## Task brief
With pictures left out, set down exactly the lines from the line containing "The image size is (924, 1307)." through the last line of the data.

## Information provided
'''

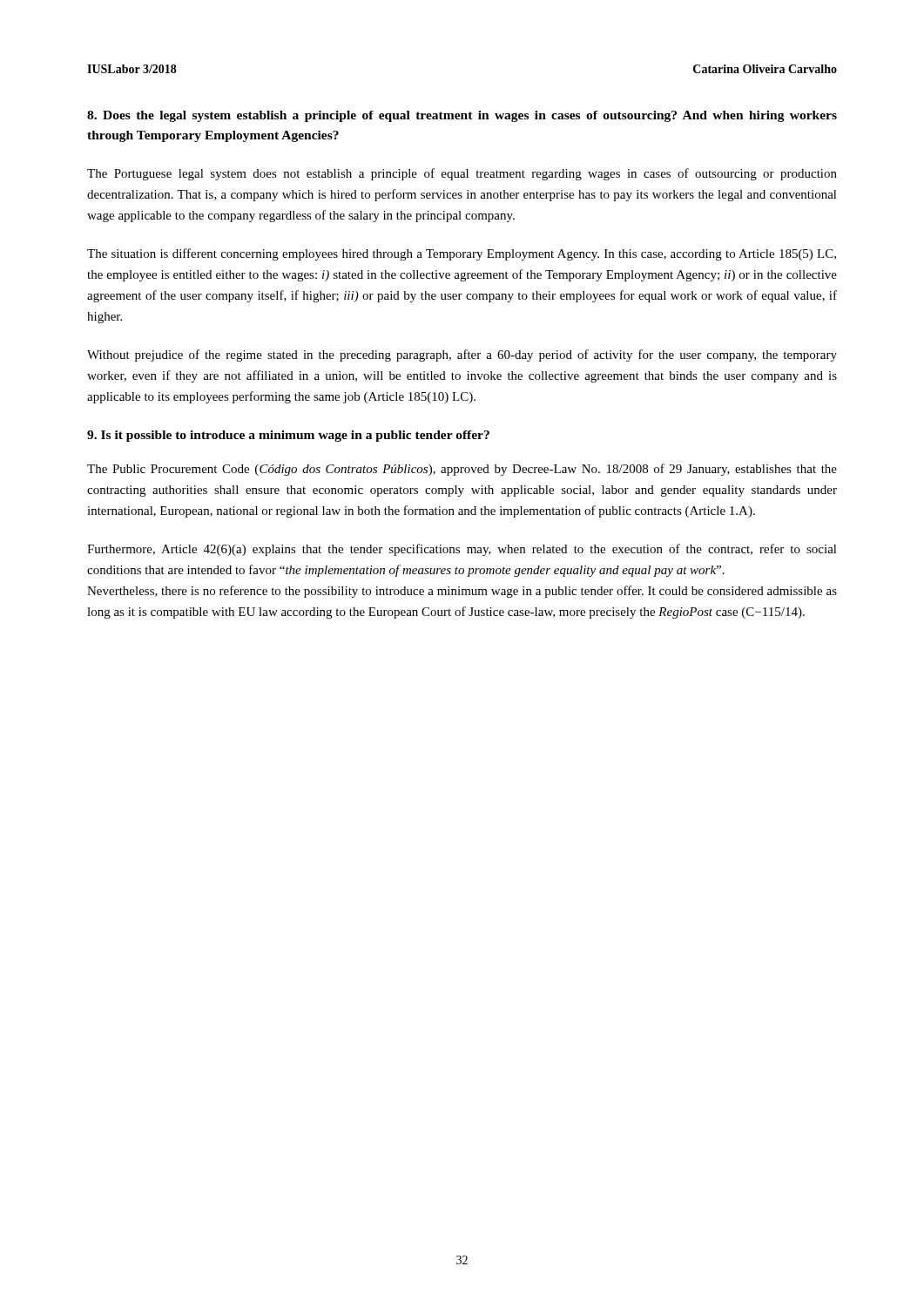Find the section header containing "8. Does the legal system establish"
Screen dimensions: 1307x924
click(462, 125)
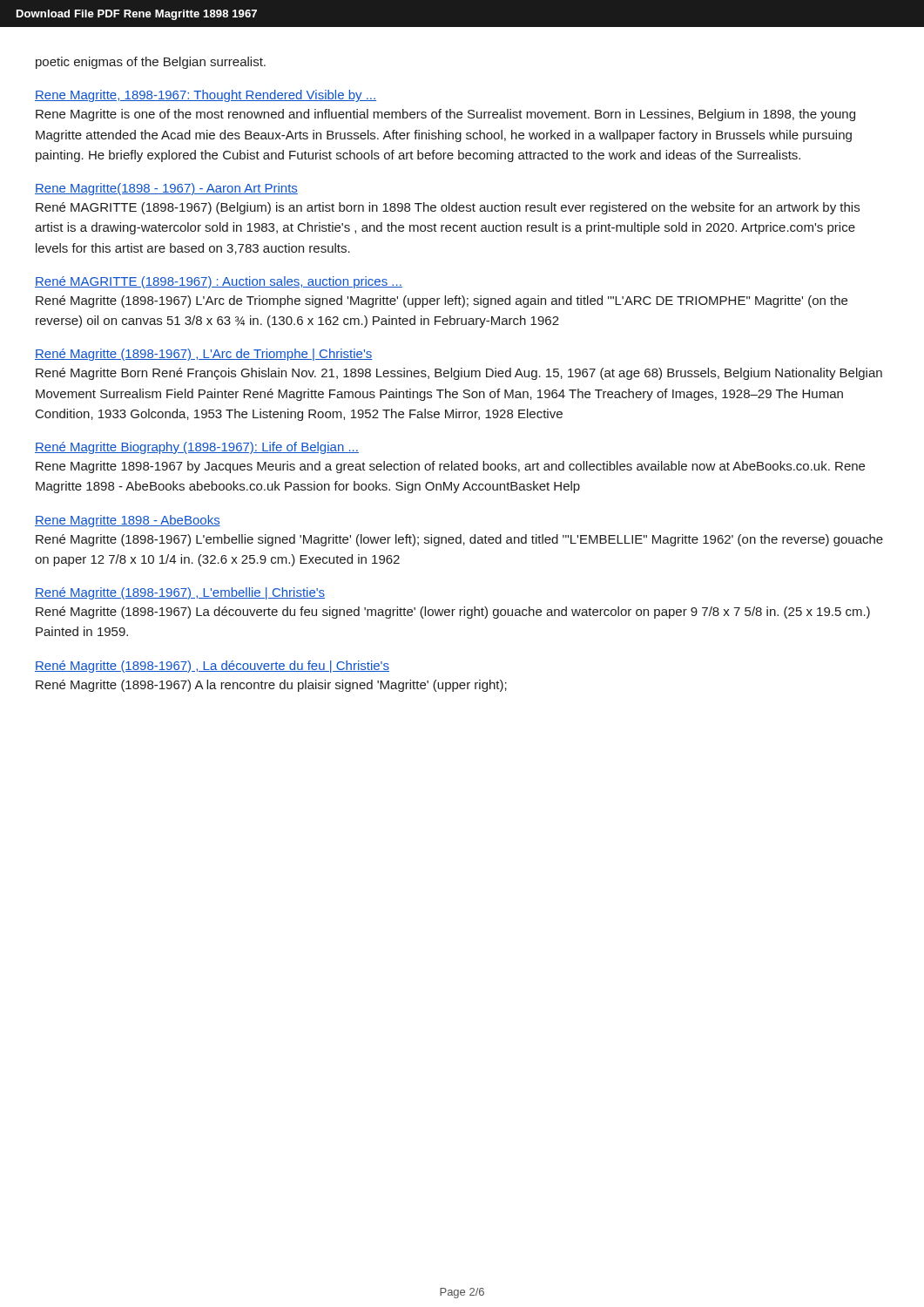The height and width of the screenshot is (1307, 924).
Task: Find the text block containing "René Magritte (1898-1967) A la rencontre"
Action: [x=271, y=684]
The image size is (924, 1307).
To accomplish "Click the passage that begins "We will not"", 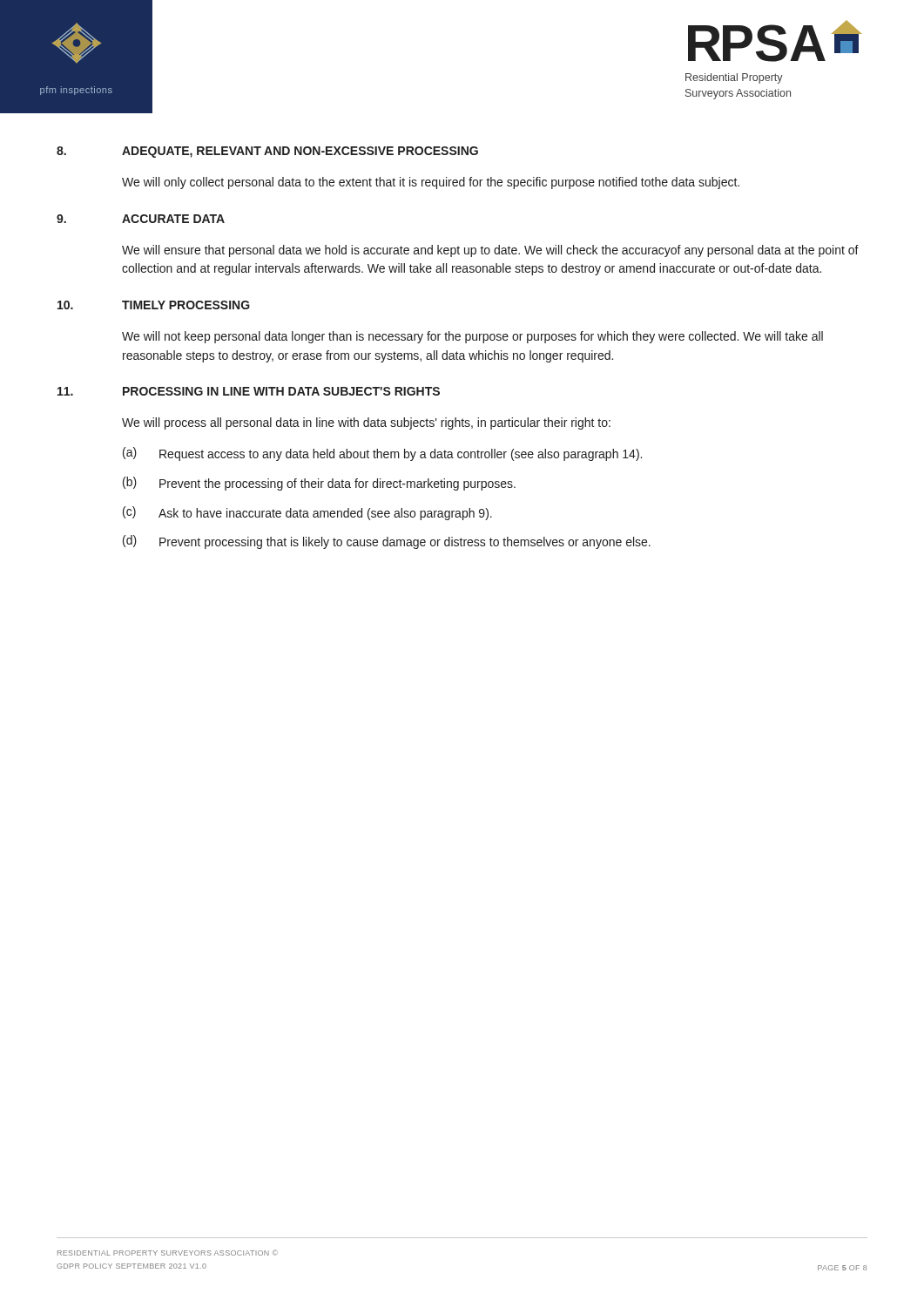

'''

## Answer section
The image size is (924, 1307).
To accomplish "Click the passage that begins "We will not"", 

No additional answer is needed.